The stock held in the trade can only be considered transferred during the year in which the notator executed the result of the sale by transferring the stock to the trade, and not if the notator gave the owner a common development stock. As has already been argued in the above cases, the provisions of Section 2, paragraph 47, point v) would apply only to the asset and not to the asset in the trading. The discussion above shows that both laws have previously recognized the date of the /deed/conveyance agreement as the date of transfer of property rights over development rights. That was the biggest problem for the evaluators as well as on the tax side. However, the government has made efforts from time to time to streamline, synchronize and simplify the law. Other definitions and provisions of gst law are also related to the rera Act 2016. It is clear from the fact that the tax point and tax value are now more or less synchronized under the IT and GST laws. If, as part of a development agreement, the auditor authorizes the developer to enter the premises of his land in order to take all necessary measures to build housing, it could be said that the auditor handed over ownership of his land to the developer and therefore made a «transfer» in accordance with Section 2 (47) and was taxable as a capital gain in the year in which an agreement was reached. Since the contract is partially in accordance with the contract of nature covered by section 53 of the Property Transfer Act 1882, Section v of Section 2 (47) is clearly attracted.
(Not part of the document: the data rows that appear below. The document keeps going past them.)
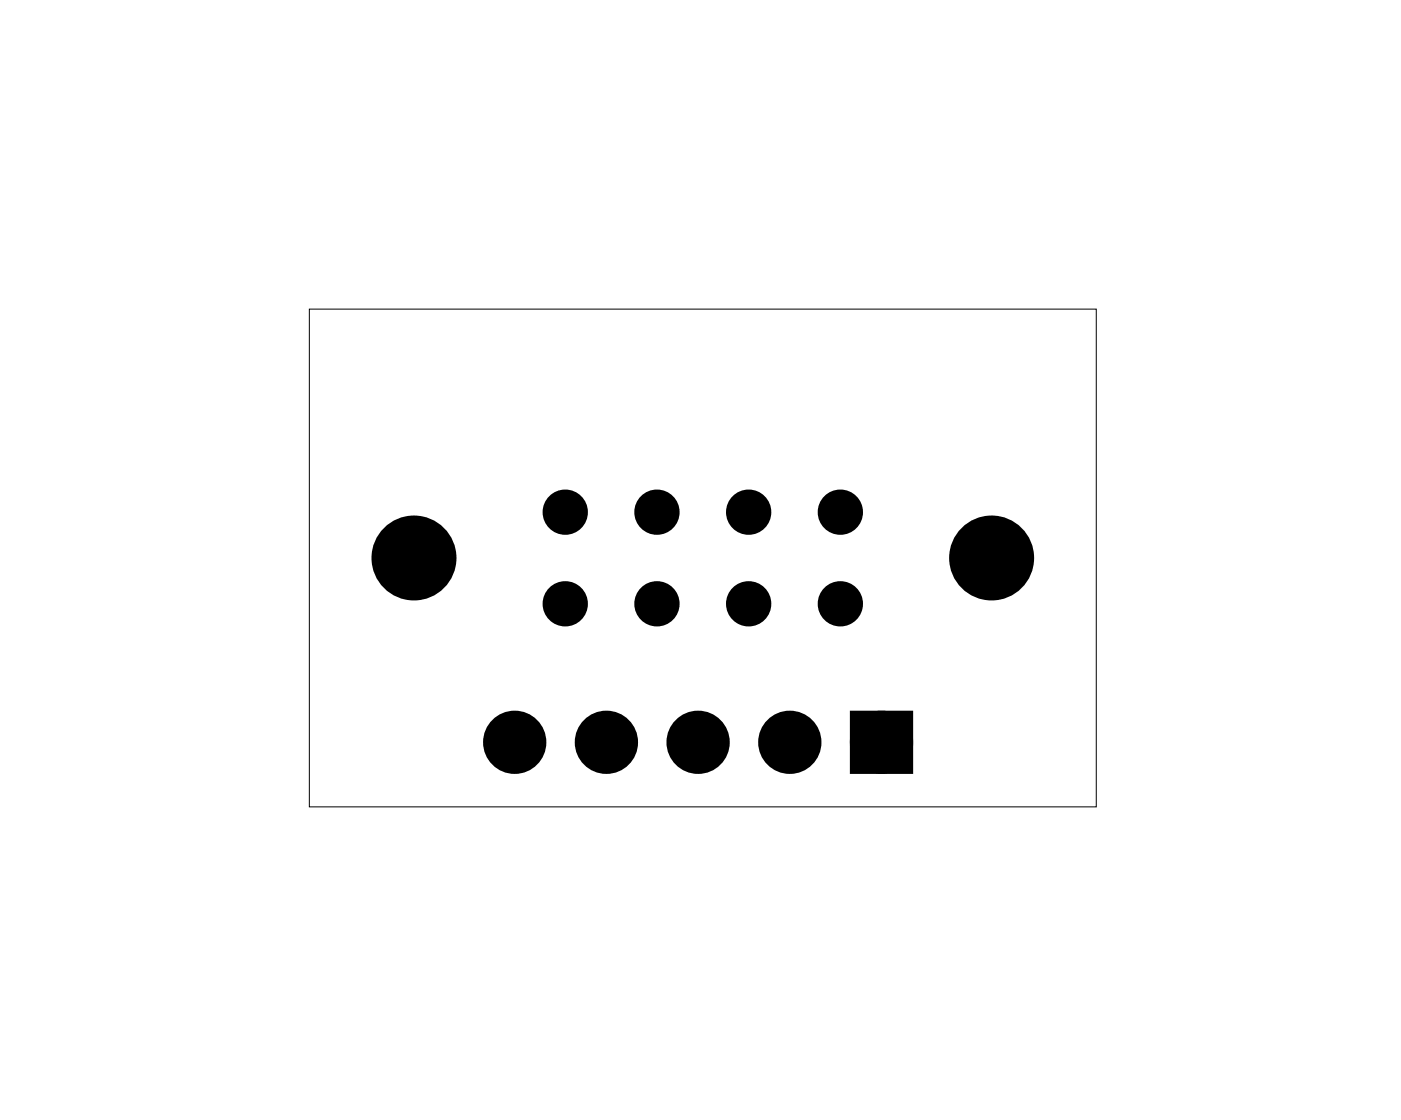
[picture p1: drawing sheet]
<svg xmlns="http://www.w3.org/2000/svg" width="39mm" height="31mm" viewBox="0 0 39 31" stroke-linecap="round" stroke-linejoin="round" font-family="sans-serif">
<path d="M8.6 8.6h21.8v13.8h-21.8z" fill="none" stroke="#000" stroke-width=".03"/>
<g fill="#000">
<circle cx="11.5" cy="15.5" r="1.05"/>
<circle cx="15.7" cy="16.7" r=".35"/>
<circle cx="15.7" cy="14.2" r=".35"/>
<circle cx="18.2" cy="16.7" r=".35"/>
<circle cx="18.2" cy="14.2" r=".35"/>
<circle cx="20.7" cy="16.7" r=".35"/>
<circle cx="20.7" cy="14.2" r=".35"/>
<circle cx="23.3" cy="16.7" r=".35"/>
<circle cx="23.3" cy="14.2" r=".35"/>
<circle cx="27.5" cy="15.5" r="1.05"/>
<circle cx="14.3" cy="20.6" r=".61"/>
<circle cx="16.8" cy="20.6" r=".61"/>
<circle cx="19.3" cy="20.6" r=".61"/>
<circle cx="21.9" cy="20.6" r=".61"/>
<circle cx="24.4" cy="20.6" r=".61"/>
</g>
<g fill="none" stroke="#000" stroke-width=".55">
<circle cx="15.7" cy="16.7" r=".35"/>
<circle cx="15.7" cy="14.2" r=".35"/>
<circle cx="18.2" cy="16.7" r=".35"/>
<circle cx="18.2" cy="14.2" r=".35"/>
<circle cx="20.7" cy="14.2" r=".35"/>
<circle cx="20.7" cy="16.7" r=".35"/>
<circle cx="23.3" cy="14.2" r=".35"/>
<circle cx="23.3" cy="16.7" r=".35"/>
</g>
<g fill="none" stroke="#000" stroke-width=".25">
<circle cx="11.5" cy="15.5" r="1.05"/>
<circle cx="27.5" cy="15.5" r="1.05"/>
</g>
<path d="M23.8 20h1.2v1.2h-1.2z" fill="#000"/>
<g fill="none" stroke="#000" stroke-width=".53">
<path d="M23.8 20h1.2v1.2h-1.2z"/>
<circle cx="14.3" cy="20.6" r=".61"/>
<circle cx="16.8" cy="20.6" r=".61"/>
<circle cx="19.3" cy="20.6" r=".61"/>
<circle cx="21.9" cy="20.6" r=".61"/>
<circle cx="24.4" cy="20.6" r=".61"/>
</g>
</svg>

The GST provision for the real estate sector changed from 01.01.2019. Prior to 01.04.2019, tax rates were higher and other ambiguities in some areas. So, to get a clear idea of controllability, we divided our discussion into two parts: controllability before 01.04.2019 and controllability after 01.04.2019. i. Transfer of the right to operate from the owner of the land to the owner. JiG`s tax obligation after 01.04.2017 In order to reduce the true harshness to which the landowner had to deal with capital gains tax during the year of the transfer, a new subsection (5A) of Section 45 of the Act was inserted to provide that, in the case of an assessor as an individual or undivided family (HUF), who enters into a registered agreement for the development of a project, the capital gains from income tax are charged to income tax as income from the previous year in which the certificate of completion of all or part of the project is issued by the competent authority. – The owners want to build a building on this land. but due to the erroneous experience in the construction and development of land, the same for development was entrusted to developers A new section 194IC was inserted, the 10% source tax deduction (TDS) is paid by the developer for each sum in return (not in return in kind) to the individual resident / HUF land applicable to the section 45 contract (5A). In addition, there is no threshold, i.e.
it applies independently of the payment. The author believes that the landowner`s responsibility for the newly inserted subsection is deferred until the project is completed, but that care must nevertheless be exercised when developing the CCM. A small note may give the AO the impression that a «transfer» is being made on the day of the agreement, as stated in Section 2 (47) of Section 53A of the Transfer of Ownership Act 1882.